Note: A sample document I used for test can be foud in: http://ftp.3gpp.org//Specs/archive/38_series/38.413/38413-100.zip
I am trying to convert an MS Word 97-2003 document (.doc) into a UTF-8 web page with the following code:
var wordApp = new Word.Application();
var doc = wordApp.Documents.Open("input.doc");
Console.WriteLine(doc.TextEncoding); // msoEncodingWestern
doc.SaveEncoding = MsoEncoding.msoEncodingUTF8;
doc.WebOptions.Encoding = MsoEncoding.msoEncodingUTF8;
doc.SaveAs2("output.htm", WdSaveFormat.wdFormatFilteredHTML, Encoding: MsoEncoding.msoEncodingUTF8);
doc.Close();
wordApp.Quit();
The problem is the document contains a certain character which is rendered incorrectly in a web page:
In document
In web page
For information, if I do the above in a manual way as below, the arrow character is rendered correctly in web page.
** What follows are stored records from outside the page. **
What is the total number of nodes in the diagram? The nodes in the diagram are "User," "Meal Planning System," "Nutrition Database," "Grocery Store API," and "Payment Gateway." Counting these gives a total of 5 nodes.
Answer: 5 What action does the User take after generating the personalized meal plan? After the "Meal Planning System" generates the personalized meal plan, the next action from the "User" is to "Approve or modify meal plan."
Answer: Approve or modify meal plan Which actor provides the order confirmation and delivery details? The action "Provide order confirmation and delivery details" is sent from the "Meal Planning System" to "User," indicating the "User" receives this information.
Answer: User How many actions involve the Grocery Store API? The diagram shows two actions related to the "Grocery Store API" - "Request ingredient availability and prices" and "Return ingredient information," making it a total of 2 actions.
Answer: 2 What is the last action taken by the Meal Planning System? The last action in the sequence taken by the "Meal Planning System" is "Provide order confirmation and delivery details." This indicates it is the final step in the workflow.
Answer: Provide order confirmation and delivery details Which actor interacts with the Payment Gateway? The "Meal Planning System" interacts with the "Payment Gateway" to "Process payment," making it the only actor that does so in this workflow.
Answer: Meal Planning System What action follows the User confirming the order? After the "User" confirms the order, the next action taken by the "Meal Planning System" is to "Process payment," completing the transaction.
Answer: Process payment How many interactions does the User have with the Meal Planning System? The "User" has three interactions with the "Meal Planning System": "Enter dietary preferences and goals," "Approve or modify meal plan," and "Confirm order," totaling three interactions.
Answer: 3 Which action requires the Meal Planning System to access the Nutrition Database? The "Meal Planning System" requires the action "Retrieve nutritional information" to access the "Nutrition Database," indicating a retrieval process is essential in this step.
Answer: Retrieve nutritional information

I solved the problem with the following:
var from = ((char)0xF0AE).ToString();
var to = ((char)0x2192).ToString();
doc.Content.Find.Execute(from, ReplaceWith: to, Replace: WdReplace.wdReplaceAll);
It's not a generalized solution, i.e. this method only handles a right arrow case and another method needs to be defined if a left arrow is an issue.